FIG. 10 is a diagrammatic illustration of a process 42 provided in accordance with the present invention. After the plate is fabricated (block 44) the entire surface is developed (block 46). The undesired areas are ablated by a high power laser (block 48) before the plate is immersed (block 50) in an aqueous ink solution.
With the present invention as shown in FIG. 6 however, the entire surface 52 of the plate 40 is completely chemically processed as described hereinabove with respect to FIG. 3, leaving behind an all black area 54 with no aluminum exposed. This exposed area will be featureless in that any subsequent immersion in an aqueous ink solution would result in ink absorption across the surface, with no absorption of water by aluminum.

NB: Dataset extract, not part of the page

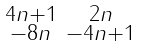Convert formula to latex. <formula><loc_0><loc_0><loc_500><loc_500>\begin{smallmatrix} 4 n + 1 & 2 n \\ - 8 n & - 4 n + 1 \end{smallmatrix}</formula>

With the present method, the features in the plate are formed by laser energy delivered at a level great enough to remove selected areas of the processed emulsion. Referring now to FIG. 7, there is shown schematically the plate 40 of FIG. 5 being exposed to high powered laser radiation 56. Material is removed from the surface by ablation in those areas 58,60 which are to be outside of the feature, thereby exposing surface regions 62, 64 of the aluminum layer which lies below. In the preferred embodiment, the ablation step is accomplished by a high power laser such as found in the Gerber C42T imager system. With the present method as with the prior art processes, the exposed hydrophilic surface regions 62, 64 absorb water rendering them oleophobic, and the unexposed areas such as region 66 are rendered oleophilic. The presence of a vacuum is quite helpful in removing debris in the region where emulsion is being ablated.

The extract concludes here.